As my anxiety started to calm down, I often asked questions very similar to what you've asked

I've always thought of anxiety, not as a mental illness, but as a mental disorder. Many publications in the UK have actually started calling anxiety a mental disorder now, instead of an illness. Perhaps that's just to show more respect to anxiety sufferers (as it's never nice to call somebody ill after-all!) but - perhaps the word 'disorder' describes anxiety much better than 'illness'.

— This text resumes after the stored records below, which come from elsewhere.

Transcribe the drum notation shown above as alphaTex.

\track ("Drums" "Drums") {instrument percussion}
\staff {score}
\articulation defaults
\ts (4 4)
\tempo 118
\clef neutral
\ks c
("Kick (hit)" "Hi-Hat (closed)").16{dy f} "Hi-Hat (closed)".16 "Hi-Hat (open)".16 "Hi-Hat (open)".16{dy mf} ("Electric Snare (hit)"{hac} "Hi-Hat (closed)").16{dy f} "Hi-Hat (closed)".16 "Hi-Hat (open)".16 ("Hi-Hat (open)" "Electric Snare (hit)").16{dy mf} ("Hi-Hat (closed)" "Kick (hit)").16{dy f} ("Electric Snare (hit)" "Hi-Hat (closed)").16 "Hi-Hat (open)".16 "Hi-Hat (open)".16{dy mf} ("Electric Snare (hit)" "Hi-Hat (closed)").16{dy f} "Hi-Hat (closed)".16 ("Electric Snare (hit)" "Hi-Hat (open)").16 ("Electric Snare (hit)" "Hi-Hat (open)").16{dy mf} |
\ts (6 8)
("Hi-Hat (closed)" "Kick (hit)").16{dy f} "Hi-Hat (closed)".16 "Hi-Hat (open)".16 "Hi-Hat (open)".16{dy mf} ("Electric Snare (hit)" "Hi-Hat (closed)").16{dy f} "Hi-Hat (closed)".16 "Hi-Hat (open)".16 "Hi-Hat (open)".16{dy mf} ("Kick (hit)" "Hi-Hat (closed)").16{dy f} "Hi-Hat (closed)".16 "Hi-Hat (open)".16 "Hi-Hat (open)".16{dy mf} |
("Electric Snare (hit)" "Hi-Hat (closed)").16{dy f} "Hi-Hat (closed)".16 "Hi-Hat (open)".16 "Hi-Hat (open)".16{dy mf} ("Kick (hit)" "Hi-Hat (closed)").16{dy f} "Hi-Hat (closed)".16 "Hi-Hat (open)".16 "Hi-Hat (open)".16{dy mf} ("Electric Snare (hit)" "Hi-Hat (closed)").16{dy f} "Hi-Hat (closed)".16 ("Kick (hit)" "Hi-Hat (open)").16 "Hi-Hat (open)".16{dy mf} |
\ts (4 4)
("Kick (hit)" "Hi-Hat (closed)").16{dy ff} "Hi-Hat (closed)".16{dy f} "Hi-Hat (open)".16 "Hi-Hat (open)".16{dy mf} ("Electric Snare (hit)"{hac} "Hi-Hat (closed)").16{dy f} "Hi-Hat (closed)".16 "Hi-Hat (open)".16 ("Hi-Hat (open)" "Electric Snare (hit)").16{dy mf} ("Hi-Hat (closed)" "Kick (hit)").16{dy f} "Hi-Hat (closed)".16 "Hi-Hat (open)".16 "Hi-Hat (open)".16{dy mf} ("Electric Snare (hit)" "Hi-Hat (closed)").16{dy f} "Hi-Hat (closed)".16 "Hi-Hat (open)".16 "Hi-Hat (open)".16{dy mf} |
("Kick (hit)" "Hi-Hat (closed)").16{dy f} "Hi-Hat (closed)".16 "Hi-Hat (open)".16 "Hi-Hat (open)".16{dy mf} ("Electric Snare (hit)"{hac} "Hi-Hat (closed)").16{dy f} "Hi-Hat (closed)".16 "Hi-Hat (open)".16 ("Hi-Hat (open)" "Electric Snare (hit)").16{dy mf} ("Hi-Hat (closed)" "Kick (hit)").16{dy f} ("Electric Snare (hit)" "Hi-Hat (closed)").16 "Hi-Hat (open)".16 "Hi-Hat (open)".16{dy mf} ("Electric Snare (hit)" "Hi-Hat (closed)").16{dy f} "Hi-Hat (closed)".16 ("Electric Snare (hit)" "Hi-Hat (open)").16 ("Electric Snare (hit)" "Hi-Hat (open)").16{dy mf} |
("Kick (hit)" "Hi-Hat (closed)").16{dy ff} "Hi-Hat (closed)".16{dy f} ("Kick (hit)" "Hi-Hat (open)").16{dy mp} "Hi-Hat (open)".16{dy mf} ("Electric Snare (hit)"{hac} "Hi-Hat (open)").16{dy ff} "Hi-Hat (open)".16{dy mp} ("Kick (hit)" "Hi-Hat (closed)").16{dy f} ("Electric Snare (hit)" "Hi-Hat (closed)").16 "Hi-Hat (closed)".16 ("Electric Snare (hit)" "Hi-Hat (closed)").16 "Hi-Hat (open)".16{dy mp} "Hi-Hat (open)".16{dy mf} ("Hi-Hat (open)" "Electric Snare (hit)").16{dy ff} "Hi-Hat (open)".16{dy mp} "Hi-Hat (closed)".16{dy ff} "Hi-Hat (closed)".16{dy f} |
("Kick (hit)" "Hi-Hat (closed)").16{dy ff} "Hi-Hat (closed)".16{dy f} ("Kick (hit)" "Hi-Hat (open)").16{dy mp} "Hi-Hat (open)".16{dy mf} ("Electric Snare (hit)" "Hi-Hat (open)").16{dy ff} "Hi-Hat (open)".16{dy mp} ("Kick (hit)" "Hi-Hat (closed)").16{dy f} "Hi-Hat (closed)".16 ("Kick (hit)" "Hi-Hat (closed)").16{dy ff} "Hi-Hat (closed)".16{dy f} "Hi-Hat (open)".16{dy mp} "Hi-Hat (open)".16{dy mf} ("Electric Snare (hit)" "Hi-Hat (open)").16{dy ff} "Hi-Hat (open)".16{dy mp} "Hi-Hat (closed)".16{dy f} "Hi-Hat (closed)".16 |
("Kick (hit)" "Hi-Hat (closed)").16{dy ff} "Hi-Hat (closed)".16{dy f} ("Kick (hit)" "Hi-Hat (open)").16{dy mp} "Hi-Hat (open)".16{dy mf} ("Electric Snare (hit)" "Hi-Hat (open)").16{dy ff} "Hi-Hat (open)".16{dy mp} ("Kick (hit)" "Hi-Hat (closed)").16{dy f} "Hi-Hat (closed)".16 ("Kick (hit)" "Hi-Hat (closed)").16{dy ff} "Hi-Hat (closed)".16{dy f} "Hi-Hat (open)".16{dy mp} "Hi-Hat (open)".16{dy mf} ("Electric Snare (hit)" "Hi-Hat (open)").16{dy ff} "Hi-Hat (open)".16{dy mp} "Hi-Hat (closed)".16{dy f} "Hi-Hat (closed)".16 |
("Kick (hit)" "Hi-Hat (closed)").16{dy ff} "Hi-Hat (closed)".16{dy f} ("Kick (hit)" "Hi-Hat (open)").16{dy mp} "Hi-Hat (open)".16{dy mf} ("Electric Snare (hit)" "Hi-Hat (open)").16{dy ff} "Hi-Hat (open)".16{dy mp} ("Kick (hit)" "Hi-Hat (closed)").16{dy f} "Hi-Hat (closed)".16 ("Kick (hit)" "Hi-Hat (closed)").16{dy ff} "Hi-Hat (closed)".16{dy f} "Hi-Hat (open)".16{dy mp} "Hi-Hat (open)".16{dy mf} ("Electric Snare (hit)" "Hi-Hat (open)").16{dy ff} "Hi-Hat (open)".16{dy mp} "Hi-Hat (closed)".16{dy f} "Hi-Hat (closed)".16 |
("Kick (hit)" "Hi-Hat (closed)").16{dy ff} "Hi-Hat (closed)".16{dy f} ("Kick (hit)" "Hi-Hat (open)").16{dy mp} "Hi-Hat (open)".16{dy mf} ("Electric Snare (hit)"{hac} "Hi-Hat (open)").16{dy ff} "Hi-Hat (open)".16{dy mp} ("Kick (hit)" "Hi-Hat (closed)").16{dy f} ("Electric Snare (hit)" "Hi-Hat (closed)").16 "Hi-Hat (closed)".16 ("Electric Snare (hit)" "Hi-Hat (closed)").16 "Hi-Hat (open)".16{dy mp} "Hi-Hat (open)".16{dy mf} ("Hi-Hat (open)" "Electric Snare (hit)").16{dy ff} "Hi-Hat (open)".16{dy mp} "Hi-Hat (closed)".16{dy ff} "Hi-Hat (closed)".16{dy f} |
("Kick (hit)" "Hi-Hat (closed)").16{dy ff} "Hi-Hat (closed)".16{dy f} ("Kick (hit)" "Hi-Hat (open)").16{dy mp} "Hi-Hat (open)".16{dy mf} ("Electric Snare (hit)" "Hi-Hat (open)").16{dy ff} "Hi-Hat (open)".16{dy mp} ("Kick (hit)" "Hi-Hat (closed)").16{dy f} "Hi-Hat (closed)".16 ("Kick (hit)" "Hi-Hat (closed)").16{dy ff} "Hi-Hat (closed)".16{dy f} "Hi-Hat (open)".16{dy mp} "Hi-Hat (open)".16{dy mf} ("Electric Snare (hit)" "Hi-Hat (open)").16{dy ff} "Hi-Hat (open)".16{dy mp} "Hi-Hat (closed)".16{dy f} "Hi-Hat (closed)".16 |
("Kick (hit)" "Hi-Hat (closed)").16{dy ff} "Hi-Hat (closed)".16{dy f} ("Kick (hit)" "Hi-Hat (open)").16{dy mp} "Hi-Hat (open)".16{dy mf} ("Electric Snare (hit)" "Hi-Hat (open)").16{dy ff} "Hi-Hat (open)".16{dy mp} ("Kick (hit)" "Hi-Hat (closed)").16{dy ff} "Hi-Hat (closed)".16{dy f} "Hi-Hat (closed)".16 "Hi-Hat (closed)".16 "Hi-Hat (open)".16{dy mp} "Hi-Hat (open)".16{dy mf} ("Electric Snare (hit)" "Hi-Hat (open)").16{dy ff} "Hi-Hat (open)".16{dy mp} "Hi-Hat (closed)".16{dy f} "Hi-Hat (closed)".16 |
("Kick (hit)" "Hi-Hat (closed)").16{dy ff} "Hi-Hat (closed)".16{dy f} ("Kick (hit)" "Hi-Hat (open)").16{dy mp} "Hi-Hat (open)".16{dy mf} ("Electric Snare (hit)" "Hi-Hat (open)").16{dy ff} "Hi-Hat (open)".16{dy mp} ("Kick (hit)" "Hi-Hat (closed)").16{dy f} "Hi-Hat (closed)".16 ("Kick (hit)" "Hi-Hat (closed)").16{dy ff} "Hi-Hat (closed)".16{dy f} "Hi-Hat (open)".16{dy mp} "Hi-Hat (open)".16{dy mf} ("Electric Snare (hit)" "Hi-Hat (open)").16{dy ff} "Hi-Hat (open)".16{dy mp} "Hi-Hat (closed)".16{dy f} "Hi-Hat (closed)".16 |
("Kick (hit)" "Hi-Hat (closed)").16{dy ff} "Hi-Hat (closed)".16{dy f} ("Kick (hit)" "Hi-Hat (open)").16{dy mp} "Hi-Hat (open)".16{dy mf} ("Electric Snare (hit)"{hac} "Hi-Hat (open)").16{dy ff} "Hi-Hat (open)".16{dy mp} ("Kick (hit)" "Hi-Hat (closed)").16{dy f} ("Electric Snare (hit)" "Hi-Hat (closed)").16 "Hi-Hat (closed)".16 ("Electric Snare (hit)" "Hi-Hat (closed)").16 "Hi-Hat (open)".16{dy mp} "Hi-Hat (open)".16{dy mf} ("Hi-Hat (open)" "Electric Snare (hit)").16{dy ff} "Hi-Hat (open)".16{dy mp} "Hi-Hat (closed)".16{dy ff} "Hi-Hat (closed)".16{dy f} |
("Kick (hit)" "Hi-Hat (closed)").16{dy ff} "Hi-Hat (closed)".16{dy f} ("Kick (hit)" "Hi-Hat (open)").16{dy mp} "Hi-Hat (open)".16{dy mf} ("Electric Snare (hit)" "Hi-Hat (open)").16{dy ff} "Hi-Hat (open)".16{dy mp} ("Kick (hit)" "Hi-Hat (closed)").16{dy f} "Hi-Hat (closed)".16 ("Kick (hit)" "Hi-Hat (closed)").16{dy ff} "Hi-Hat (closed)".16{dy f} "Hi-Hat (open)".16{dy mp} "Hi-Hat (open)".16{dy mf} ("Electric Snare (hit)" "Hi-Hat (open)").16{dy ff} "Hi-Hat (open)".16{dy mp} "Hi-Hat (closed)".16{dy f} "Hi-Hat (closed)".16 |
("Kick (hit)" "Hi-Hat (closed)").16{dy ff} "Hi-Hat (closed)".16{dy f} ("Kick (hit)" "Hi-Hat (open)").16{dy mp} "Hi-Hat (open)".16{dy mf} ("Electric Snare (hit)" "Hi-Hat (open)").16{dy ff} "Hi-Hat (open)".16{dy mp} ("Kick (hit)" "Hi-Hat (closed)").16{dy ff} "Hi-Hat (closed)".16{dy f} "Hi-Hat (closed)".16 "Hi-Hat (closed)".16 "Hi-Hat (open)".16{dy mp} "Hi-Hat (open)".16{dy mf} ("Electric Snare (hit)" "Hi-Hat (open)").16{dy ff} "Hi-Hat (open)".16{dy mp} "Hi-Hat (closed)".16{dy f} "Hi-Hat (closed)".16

Let me elaborate... If you read many posts on here, you'll realize very few of us are actually ill, with any kind of significant physical ailment, or sickness - and there in lies the problem. We usually believe we are sick, or we worry that something is wrong, or will go wrong. This requires action on our part. Action to remedy this imaginary sickness. But what action do we take? What action can cure an ailment, or prevent a situation, that just wasn't there, or that just wasn't going to happen? *I appreciate there are many different fears and worries people suffer in relation to anxiety, and there are many spectrum to this condition, but for the sake of example, let's keep it simple!*

So where were we? Oh right... We usually reach a point very early on in our anxiety, that sends us searching for some sort of cure or prevention to a circumstance that isn't destined to arrive. Take the fear of collapsing. A usual port of call is the A&E... Heart tests, blood tests, scans on our brain... We have to find out what's wrong, or at least check that nothing untoward is happening in our bodies. The problem that usually follows this, is when the tests inevitably come back safe... it doesn't convince us. At least not for long. We either doubt these test results or our anxiety moves on to another fear, or another part of the spectrum. Because we may have learnt most of anxieties naughty tricks, but it doesn't give up without a fight. It usually keeps some power in subtle ways, that we don't realize. I found this out the hard way, but let me explain what it is.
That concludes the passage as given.